#### [ASSIGNMENT]
Reproduce, exactly and in full, only the lines below from the one containing "12. boot [49,115,170,218]" through the one containing "0.072 -5 48 4".

==== GIVEN ENTRIES

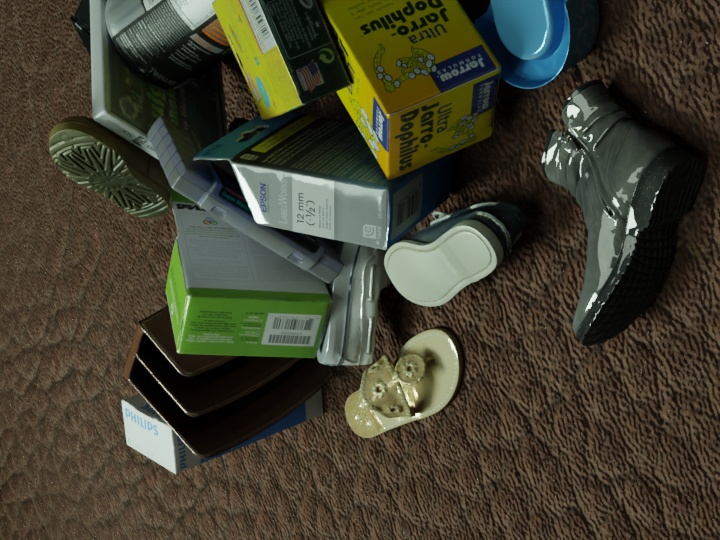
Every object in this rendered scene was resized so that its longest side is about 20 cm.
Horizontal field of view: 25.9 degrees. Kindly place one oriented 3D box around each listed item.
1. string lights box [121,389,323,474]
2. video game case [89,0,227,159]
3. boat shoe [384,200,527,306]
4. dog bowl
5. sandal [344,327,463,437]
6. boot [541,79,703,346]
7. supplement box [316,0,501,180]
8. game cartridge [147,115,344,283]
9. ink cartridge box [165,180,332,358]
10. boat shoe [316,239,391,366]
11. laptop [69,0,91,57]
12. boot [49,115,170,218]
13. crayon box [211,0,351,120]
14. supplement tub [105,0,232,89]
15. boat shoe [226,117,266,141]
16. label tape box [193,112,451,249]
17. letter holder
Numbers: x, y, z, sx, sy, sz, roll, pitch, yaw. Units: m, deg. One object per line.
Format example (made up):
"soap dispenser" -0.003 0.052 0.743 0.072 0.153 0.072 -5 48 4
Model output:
"string lights box" -0.151 0.151 1.736 0.103 0.200 0.059 21 122 48
"video game case" -0.205 -0.193 1.616 0.023 0.182 0.200 -30 49 28
"boat shoe" 0.086 -0.021 1.456 0.075 0.062 0.200 52 152 -1
"dog bowl" 0.139 -0.253 1.292 0.111 0.050 0.200 -1 106 53
"sandal" 0.026 0.130 1.603 0.078 0.070 0.212 62 144 11
"boot" 0.199 -0.048 1.305 0.132 0.070 0.200 44 126 36
"supplement box" 0.026 -0.201 1.369 0.200 0.109 0.109 60 168 24
"game cartridge" -0.109 -0.069 1.522 0.038 0.200 0.130 -53 32 9
"ink cartridge box" -0.124 -0.004 1.615 0.200 0.148 0.076 -110 29 -51
"boat shoe" 0.000 0.000 1.582 0.074 0.065 0.200 -124 42 -66
"laptop" -0.236 -0.262 1.819 0.187 0.116 0.200 44 165 33
"boot" -0.253 -0.173 1.612 0.066 0.175 0.200 -15 57 20
"crayon box" -0.075 -0.207 1.408 0.127 0.051 0.200 67 167 -7
"supplement tub" -0.146 -0.278 1.554 0.200 0.123 0.123 -30 80 28
"boat shoe" -0.076 -0.129 1.624 0.200 0.072 0.065 37 109 54
"label tape box" -0.033 -0.088 1.459 0.200 0.143 0.066 10 117 24
"letter holder" -0.124 0.088 1.656 0.142 0.200 0.101 46 142 17
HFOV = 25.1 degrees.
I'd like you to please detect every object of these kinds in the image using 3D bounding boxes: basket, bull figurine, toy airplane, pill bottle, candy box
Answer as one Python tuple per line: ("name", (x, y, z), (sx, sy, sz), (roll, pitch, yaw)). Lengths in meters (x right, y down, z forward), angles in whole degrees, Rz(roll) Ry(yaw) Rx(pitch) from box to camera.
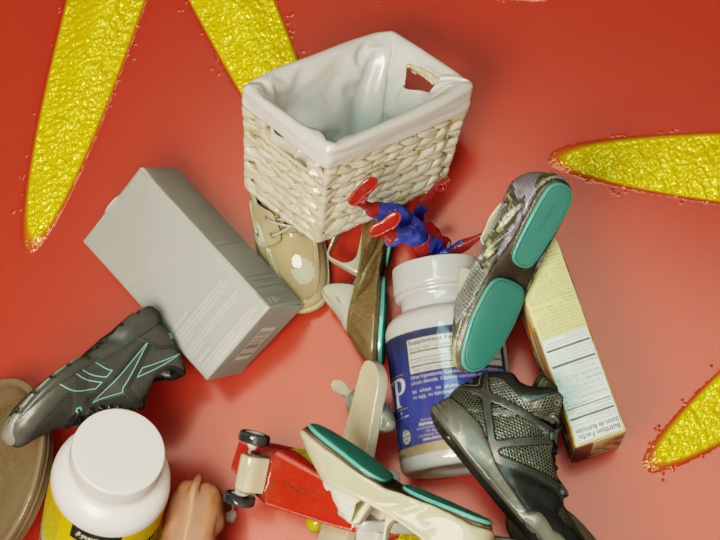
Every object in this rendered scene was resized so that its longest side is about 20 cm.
("basket", (-0.006, -0.131, 1.580), (0.199, 0.124, 0.135), (-27, 49, -35))
("bull figurine", (-0.169, 0.296, 1.544), (0.064, 0.122, 0.202), (15, 78, 9))
("toy airplane", (-0.016, 0.213, 1.540), (0.199, 0.141, 0.201), (-35, 68, 25))
("pill bottle", (0.086, 0.093, 1.571), (0.118, 0.120, 0.203), (-7, 76, 3))
("pill bottle", (-0.238, 0.214, 1.518), (0.111, 0.201, 0.114), (8, 55, -11))
("candy box", (0.196, 0.077, 1.567), (0.055, 0.116, 0.202), (-19, 76, 1))

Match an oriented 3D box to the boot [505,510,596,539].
("boot", (0.214, 0.286, 1.508), (0.068, 0.131, 0.200), (-39, 77, -5))

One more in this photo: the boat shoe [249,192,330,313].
("boat shoe", (-0.080, -0.056, 1.649), (0.071, 0.065, 0.202), (-13, 76, 2))

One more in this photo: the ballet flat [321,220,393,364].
("ballet flat", (0.000, 0.000, 1.627), (0.071, 0.068, 0.203), (6, 75, 4))

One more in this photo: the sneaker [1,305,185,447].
("sneaker", (-0.247, 0.113, 1.526), (0.199, 0.075, 0.080), (-38, 93, -32))

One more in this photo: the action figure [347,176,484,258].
("action figure", (0.069, -0.054, 1.563), (0.099, 0.200, 0.066), (-35, 70, 9))

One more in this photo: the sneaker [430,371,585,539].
("sneaker", (0.163, 0.172, 1.458), (0.114, 0.076, 0.200), (-36, 77, -7))

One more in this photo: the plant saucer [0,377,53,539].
("plant saucer", (-0.360, 0.204, 1.578), (0.199, 0.029, 0.202), (-26, 52, 38))

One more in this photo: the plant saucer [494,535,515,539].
("plant saucer", (0.081, 0.298, 1.503), (0.199, 0.202, 0.039), (-20, 47, 0))

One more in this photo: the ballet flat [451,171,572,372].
("ballet flat", (0.129, -0.003, 1.511), (0.071, 0.072, 0.202), (28, 91, 11))

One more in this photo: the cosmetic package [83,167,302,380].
("cosmetic package", (-0.169, 0.001, 1.620), (0.107, 0.090, 0.200), (-46, 74, 18))

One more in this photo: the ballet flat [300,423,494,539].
("ballet flat", (0.021, 0.205, 1.414), (0.198, 0.070, 0.070), (27, 80, 20))
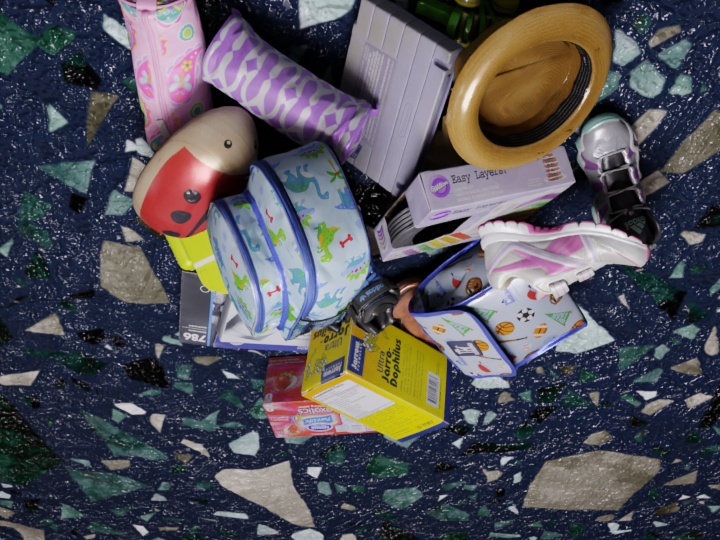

========

#### [TASK RESULT]
12. boot [49,115,170,218]
13. crayon box [211,0,351,120]
14. supplement tub [105,0,232,89]
15. boat shoe [226,117,266,141]
16. label tape box [193,112,451,249]
17. letter holder
Numbers: x, y, z, sx, sy, sz, roll, pitch, yaw. Units: m, deg. One object per line.
Format example (made up):
"soap dispenser" -0.003 0.052 0.743 0.072 0.153 0.072 -5 48 4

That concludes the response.